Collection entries
################

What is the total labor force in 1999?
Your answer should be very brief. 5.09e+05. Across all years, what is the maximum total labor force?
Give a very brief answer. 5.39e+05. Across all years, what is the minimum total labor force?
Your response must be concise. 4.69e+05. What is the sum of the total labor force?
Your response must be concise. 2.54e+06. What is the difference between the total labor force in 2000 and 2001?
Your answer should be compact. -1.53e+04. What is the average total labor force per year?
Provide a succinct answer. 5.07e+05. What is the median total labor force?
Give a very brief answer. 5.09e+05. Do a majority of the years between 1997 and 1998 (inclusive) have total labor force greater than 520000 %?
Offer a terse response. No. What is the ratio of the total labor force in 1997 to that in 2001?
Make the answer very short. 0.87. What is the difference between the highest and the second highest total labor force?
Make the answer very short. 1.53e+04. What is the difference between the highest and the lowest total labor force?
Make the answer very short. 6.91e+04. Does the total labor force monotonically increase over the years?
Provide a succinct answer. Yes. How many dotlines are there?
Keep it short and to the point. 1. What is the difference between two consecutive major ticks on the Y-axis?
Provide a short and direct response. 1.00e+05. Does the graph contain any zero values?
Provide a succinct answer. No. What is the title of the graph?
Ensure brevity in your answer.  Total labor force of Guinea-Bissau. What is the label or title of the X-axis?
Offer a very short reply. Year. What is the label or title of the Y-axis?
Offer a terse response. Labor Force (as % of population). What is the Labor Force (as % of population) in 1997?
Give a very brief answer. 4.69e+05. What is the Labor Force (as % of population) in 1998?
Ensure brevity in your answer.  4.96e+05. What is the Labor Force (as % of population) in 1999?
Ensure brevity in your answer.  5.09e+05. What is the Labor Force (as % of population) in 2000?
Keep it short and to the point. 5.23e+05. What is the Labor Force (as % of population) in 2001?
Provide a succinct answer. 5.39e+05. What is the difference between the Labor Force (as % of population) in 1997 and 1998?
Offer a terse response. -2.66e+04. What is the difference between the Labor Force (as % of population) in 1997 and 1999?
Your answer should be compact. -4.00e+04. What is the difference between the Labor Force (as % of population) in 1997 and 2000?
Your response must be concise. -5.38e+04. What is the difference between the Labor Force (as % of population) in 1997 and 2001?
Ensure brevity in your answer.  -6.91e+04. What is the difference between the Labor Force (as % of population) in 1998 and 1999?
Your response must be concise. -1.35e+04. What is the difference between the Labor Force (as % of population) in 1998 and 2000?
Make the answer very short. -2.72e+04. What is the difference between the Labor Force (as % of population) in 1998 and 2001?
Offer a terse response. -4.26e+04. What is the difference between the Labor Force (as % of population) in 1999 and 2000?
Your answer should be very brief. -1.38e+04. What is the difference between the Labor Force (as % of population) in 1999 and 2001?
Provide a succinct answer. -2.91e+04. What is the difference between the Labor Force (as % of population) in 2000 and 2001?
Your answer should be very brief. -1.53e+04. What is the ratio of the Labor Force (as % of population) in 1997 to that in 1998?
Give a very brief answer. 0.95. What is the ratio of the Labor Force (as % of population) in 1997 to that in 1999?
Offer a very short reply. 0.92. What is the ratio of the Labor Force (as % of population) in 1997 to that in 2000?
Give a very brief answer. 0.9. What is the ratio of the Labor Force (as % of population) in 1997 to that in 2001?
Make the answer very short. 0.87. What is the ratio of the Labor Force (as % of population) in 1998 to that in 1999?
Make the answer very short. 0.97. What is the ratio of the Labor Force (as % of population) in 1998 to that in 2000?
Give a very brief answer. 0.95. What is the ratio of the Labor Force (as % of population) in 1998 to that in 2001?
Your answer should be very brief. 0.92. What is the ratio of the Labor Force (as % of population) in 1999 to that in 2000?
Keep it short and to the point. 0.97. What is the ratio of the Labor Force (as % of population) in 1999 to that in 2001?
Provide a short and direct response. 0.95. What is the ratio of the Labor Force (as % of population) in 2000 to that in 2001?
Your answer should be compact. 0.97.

################

**TASK INSTRUCTIONS:** Retype the records above exactly as they appear.

**WORKED SOLUTION:**
What is the total labor force in 1999?
Your answer should be very brief. 5.09e+05. Across all years, what is the maximum total labor force?
Give a very brief answer. 5.39e+05. Across all years, what is the minimum total labor force?
Your response must be concise. 4.69e+05. What is the sum of the total labor force?
Your response must be concise. 2.54e+06. What is the difference between the total labor force in 2000 and 2001?
Your answer should be compact. -1.53e+04. What is the average total labor force per year?
Provide a succinct answer. 5.07e+05. What is the median total labor force?
Give a very brief answer. 5.09e+05. Do a majority of the years between 1997 and 1998 (inclusive) have total labor force greater than 520000 %?
Offer a terse response. No. What is the ratio of the total labor force in 1997 to that in 2001?
Make the answer very short. 0.87. What is the difference between the highest and the second highest total labor force?
Make the answer very short. 1.53e+04. What is the difference between the highest and the lowest total labor force?
Make the answer very short. 6.91e+04. Does the total labor force monotonically increase over the years?
Provide a succinct answer. Yes. How many dotlines are there?
Keep it short and to the point. 1. What is the difference between two consecutive major ticks on the Y-axis?
Provide a short and direct response. 1.00e+05. Does the graph contain any zero values?
Provide a succinct answer. No. What is the title of the graph?
Ensure brevity in your answer.  Total labor force of Guinea-Bissau. What is the label or title of the X-axis?
Offer a very short reply. Year. What is the label or title of the Y-axis?
Offer a terse response. Labor Force (as % of population). What is the Labor Force (as % of population) in 1997?
Give a very brief answer. 4.69e+05. What is the Labor Force (as % of population) in 1998?
Ensure brevity in your answer.  4.96e+05. What is the Labor Force (as % of population) in 1999?
Ensure brevity in your answer.  5.09e+05. What is the Labor Force (as % of population) in 2000?
Keep it short and to the point. 5.23e+05. What is the Labor Force (as % of population) in 2001?
Provide a succinct answer. 5.39e+05. What is the difference between the Labor Force (as % of population) in 1997 and 1998?
Offer a terse response. -2.66e+04. What is the difference between the Labor Force (as % of population) in 1997 and 1999?
Your answer should be compact. -4.00e+04. What is the difference between the Labor Force (as % of population) in 1997 and 2000?
Your response must be concise. -5.38e+04. What is the difference between the Labor Force (as % of population) in 1997 and 2001?
Ensure brevity in your answer.  -6.91e+04. What is the difference between the Labor Force (as % of population) in 1998 and 1999?
Your response must be concise. -1.35e+04. What is the difference between the Labor Force (as % of population) in 1998 and 2000?
Make the answer very short. -2.72e+04. What is the difference between the Labor Force (as % of population) in 1998 and 2001?
Offer a terse response. -4.26e+04. What is the difference between the Labor Force (as % of population) in 1999 and 2000?
Your answer should be very brief. -1.38e+04. What is the difference between the Labor Force (as % of population) in 1999 and 2001?
Provide a succinct answer. -2.91e+04. What is the difference between the Labor Force (as % of population) in 2000 and 2001?
Your answer should be very brief. -1.53e+04. What is the ratio of the Labor Force (as % of population) in 1997 to that in 1998?
Give a very brief answer. 0.95. What is the ratio of the Labor Force (as % of population) in 1997 to that in 1999?
Offer a very short reply. 0.92. What is the ratio of the Labor Force (as % of population) in 1997 to that in 2000?
Give a very brief answer. 0.9. What is the ratio of the Labor Force (as % of population) in 1997 to that in 2001?
Make the answer very short. 0.87. What is the ratio of the Labor Force (as % of population) in 1998 to that in 1999?
Make the answer very short. 0.97. What is the ratio of the Labor Force (as % of population) in 1998 to that in 2000?
Give a very brief answer. 0.95. What is the ratio of the Labor Force (as % of population) in 1998 to that in 2001?
Your answer should be very brief. 0.92. What is the ratio of the Labor Force (as % of population) in 1999 to that in 2000?
Keep it short and to the point. 0.97. What is the ratio of the Labor Force (as % of population) in 1999 to that in 2001?
Provide a short and direct response. 0.95. What is the ratio of the Labor Force (as % of population) in 2000 to that in 2001?
Your answer should be compact. 0.97.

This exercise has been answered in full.